Spotted Lanternfly pinned down in PSU LV community art project
Dixon is recruiting area organizations to help with what’s billed as a “Community Public Art Project.”
Dixon, a Virginia-based multidiscipline artist, has a background in working with insects. She first considered using bees for her project.
After being told about the Spotted Lanternfly infestation in Pennsylvania and, more recently, in New Jersey and some other nearby states, Dixon concluded that the colorful, non-native pest should be the theme for the installation.
The project can be seen as raising awareness about the Spotted Lanterfly infestation in the region.
“This is a different way of looking at ecology and ecological balance,” she said.
“In this instance, we are going to have to create the balance because there is no balance at the moment. We have a huge amount of destruction on the agricultural and tourist fronts.”
Lycorma delicatula, commonly known as the Spotted Lanternfly, is an invasive insect that has spread throughout southeastern Pennsylvania since its discovery in Berks County in 2014.
The Spotted Lanterfly presents a threat to Pennsylvania agriculture, including grape, fruit tree, hardwood and nurseries, which contribute nearly $18 billion to the Commonwealth economy.
“’Syncopation’ is basically a musical term for an interruption,” explained Dixon of including ‘Zones of Syncopation’ in the project title.
“The lanternfly interrupted the agricultural ecosystem that we have.
“What we are trying to do is see if we can reflect that syncopation back on it. We are trying to interrupt the interrupter,” Dixon said.
Penn State Lehigh Valley Gallery Director and Arts Coordinator Ann Lalik and Liz Flaherty, associate teaching professor of art history at Penn State Lehigh Valley, co-chair the project committee.
The project was launched Aug. 24 with a free morning workshop at the Penn State Lehigh Valley campus in Center Valley. Another workshop was held the afternoon of Aug. 24 at Cave Brewery.
Approximately two dozen morning session attendees learned best practices for catching the Spotted Lanternfly, extracting the wings and preparing the wings for art-making.
The project seeks to partner with area organizations, including schools, youth groups, arts associations, families and garden clubs. “An organization might be a knitting group,” said Lalik.
According to Dixon, additional workshops can be arranged to provide members with information and material to create their own part of the final art work.
“Everybody gets a specific colored pin,” said Dixon.
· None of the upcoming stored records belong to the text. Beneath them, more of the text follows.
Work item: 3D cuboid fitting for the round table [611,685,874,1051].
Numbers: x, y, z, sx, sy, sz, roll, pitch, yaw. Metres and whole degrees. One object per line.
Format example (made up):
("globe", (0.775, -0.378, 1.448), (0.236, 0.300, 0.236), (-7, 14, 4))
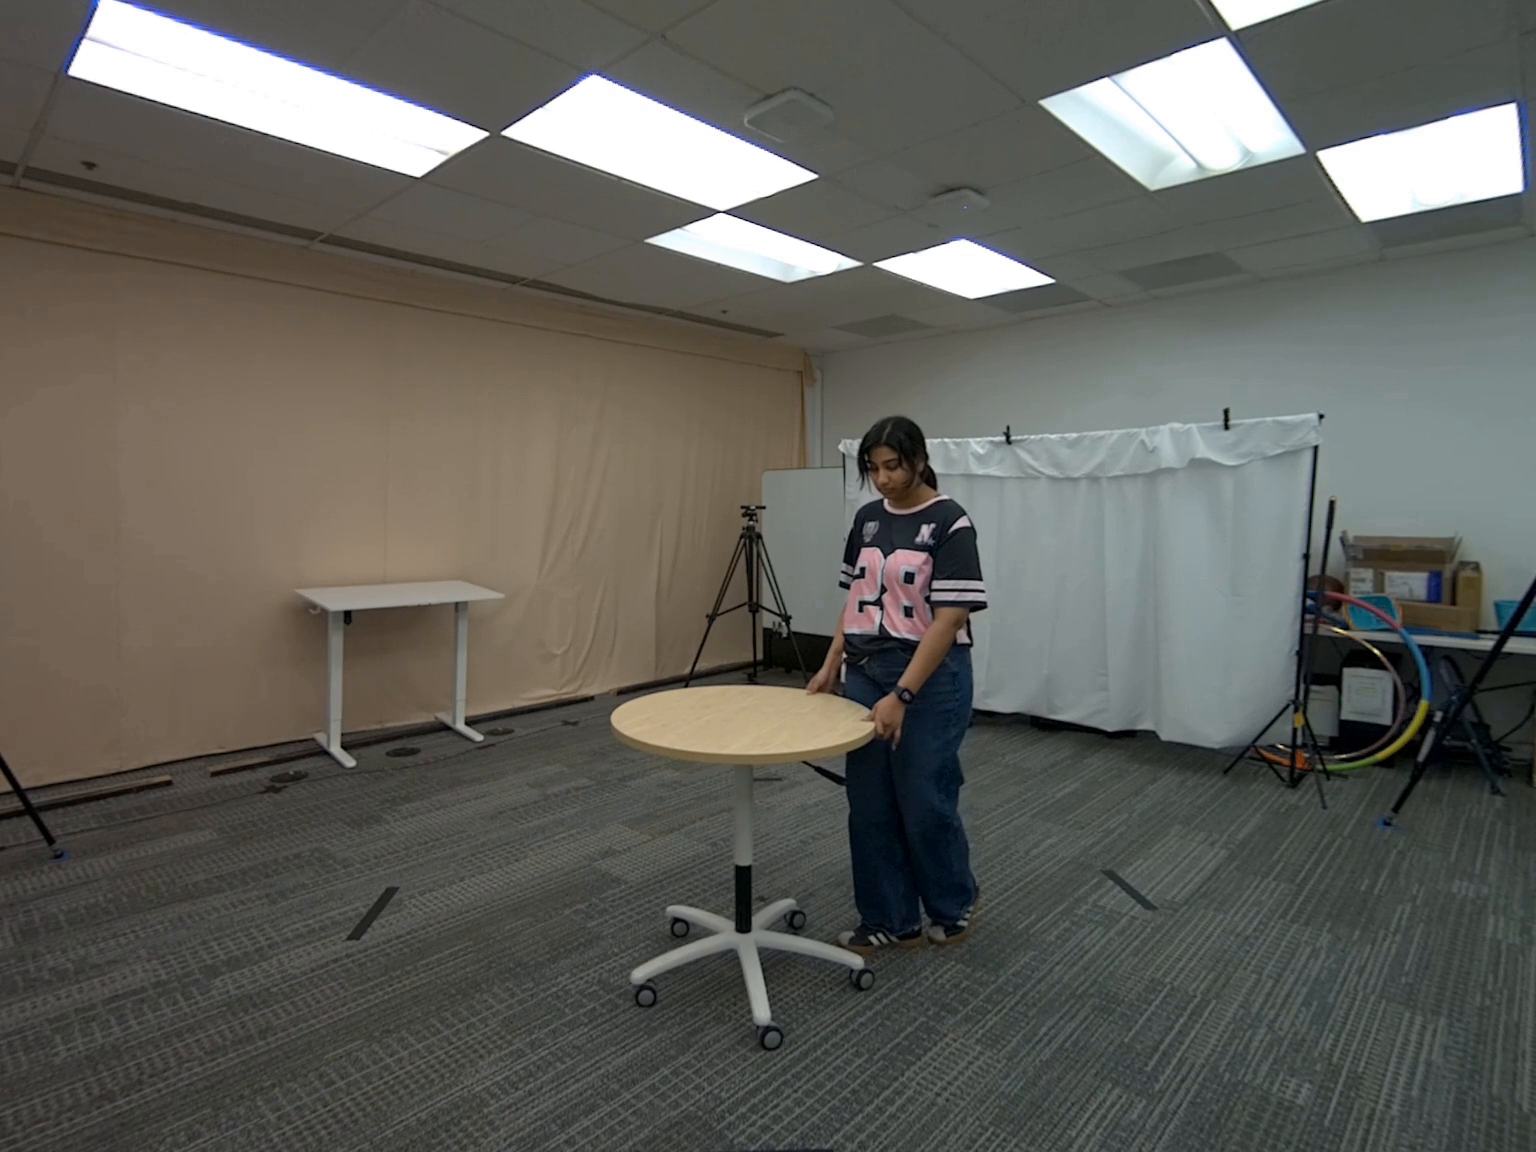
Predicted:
("round table", (-0.071, 0.801, 2.479), (0.763, 0.792, 0.767), (0, 4, -2))
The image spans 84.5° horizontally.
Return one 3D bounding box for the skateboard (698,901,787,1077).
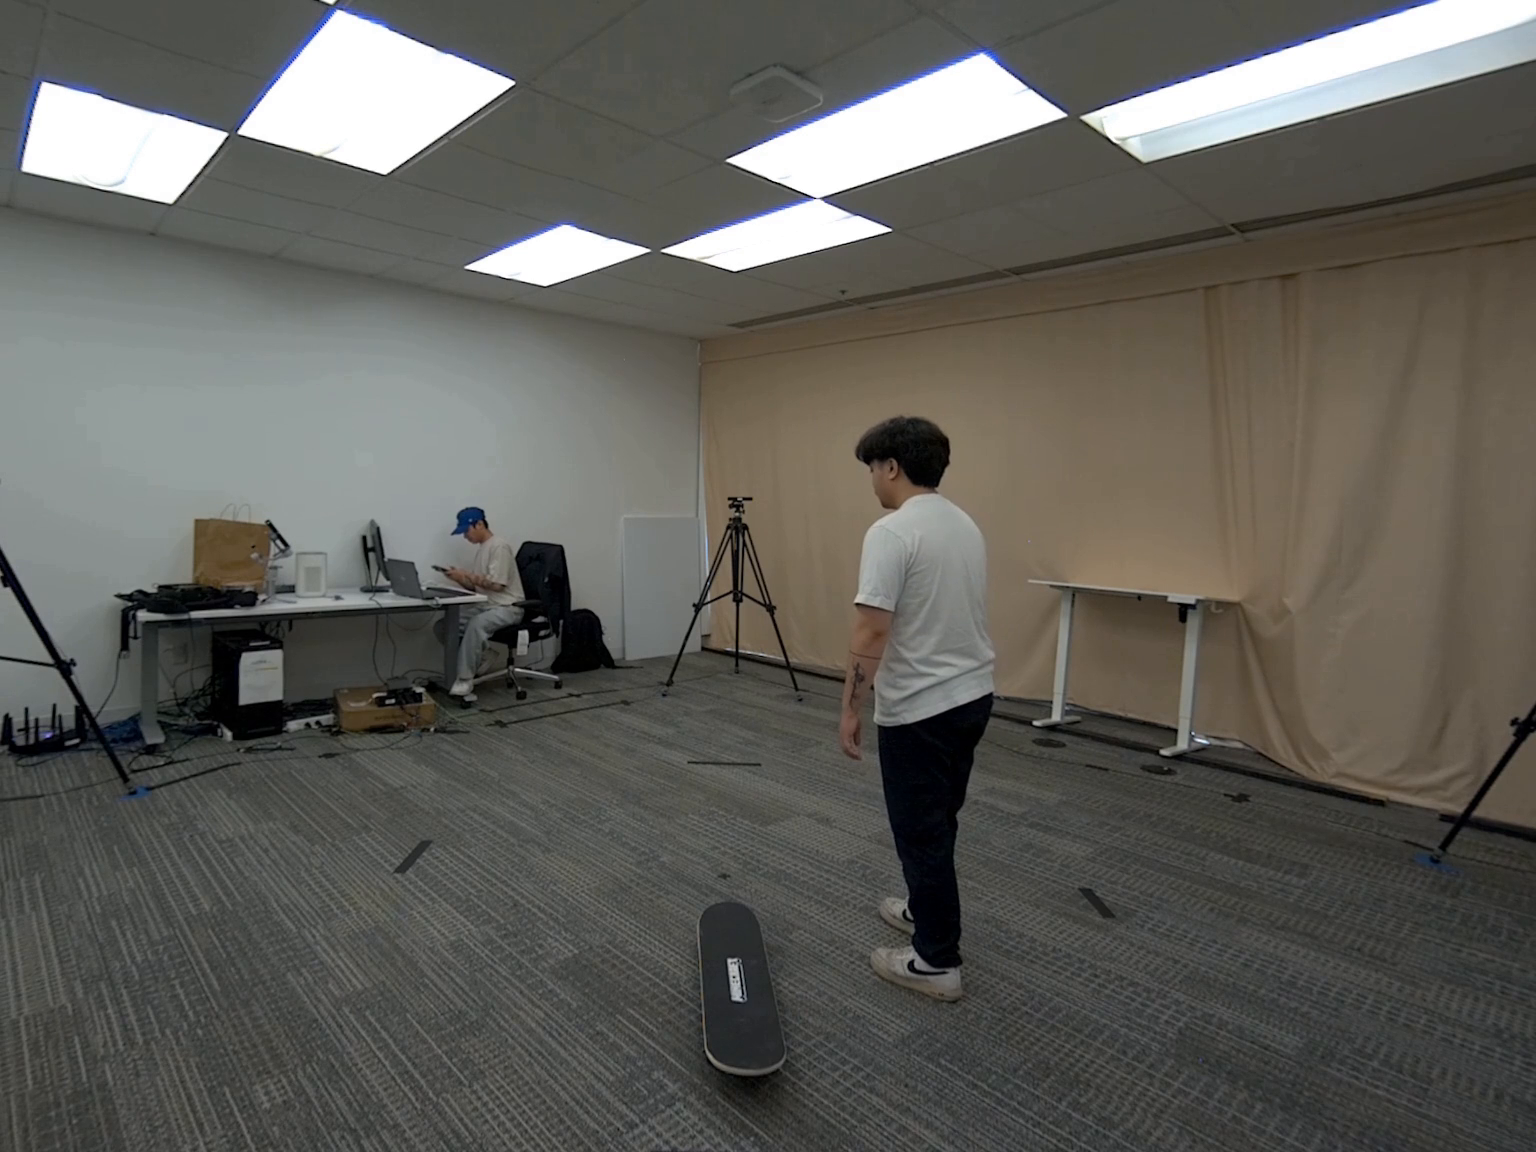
[{"bbox_3d":[-0.093,1.127,2.287,0.192,0.110,0.791,0,5,-7],"label":"skateboard"}]
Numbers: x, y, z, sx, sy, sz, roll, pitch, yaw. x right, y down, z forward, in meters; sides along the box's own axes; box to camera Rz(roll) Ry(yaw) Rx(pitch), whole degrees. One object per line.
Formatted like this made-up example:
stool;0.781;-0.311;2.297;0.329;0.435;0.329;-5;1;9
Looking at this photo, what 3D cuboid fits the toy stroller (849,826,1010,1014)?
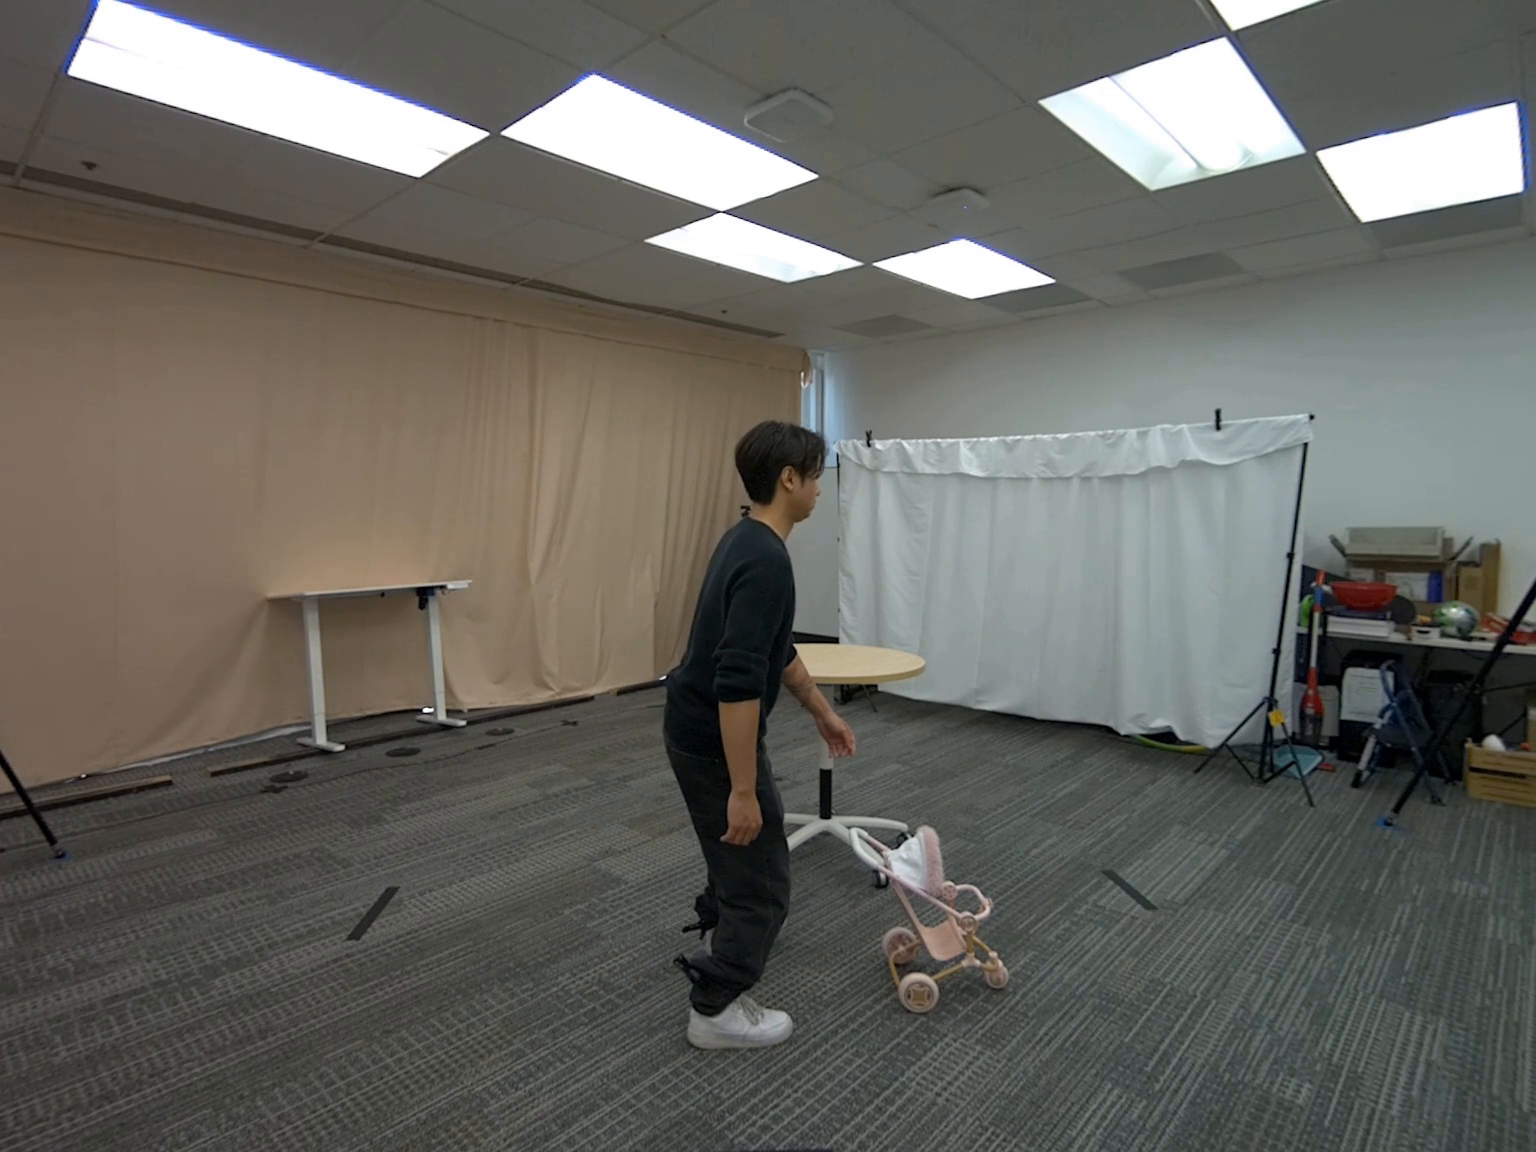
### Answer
toy stroller;0.479;0.966;2.417;0.343;0.534;0.280;-16;2;5

The colored pins allow each organization to locate its piece in the final installation.
Mixing science with the arts are Associate Teaching Biology Professor Dr. Karen Kackley and Research Technologist Pamela Borowski, a biologist and chemist, both of PSU Lehigh Valley.
Campus arts associate Tamryn McDermott from PSU University Park said the college’s Campus Arts Initiative is funding the installation.
For McDermott, it’s personal.
“I’m an artist, as well. I live in Montgomery County,” she said. “The spotted lanternflies are attacking and potentially destroying one of the trees in my backyard.”
Free presentations and workshops are scheduled at:
The Baum School of Art, 510 Linden St., Allentown, noon - 2 p.m. Sept. 28
Allentown ArtsFest, Cedar Beach Park, 79 N. Ott St., Allentown, 3 - 5 p.m. Sept 28
Cave Brewing Company, 3300 Lehigh St., Allentown, 3 - 5 p.m. Sept. 29
Partner finished pinnings will be collected Nov. 8 - 10, with assembling and installation at Penn State Lehigh Valley, Nov. 25 - 27.
The completed installation will be on display, 9 a.m. - 9 p.m. Dec. 2 and 3, Center Hall, Penn State Lehigh Valley.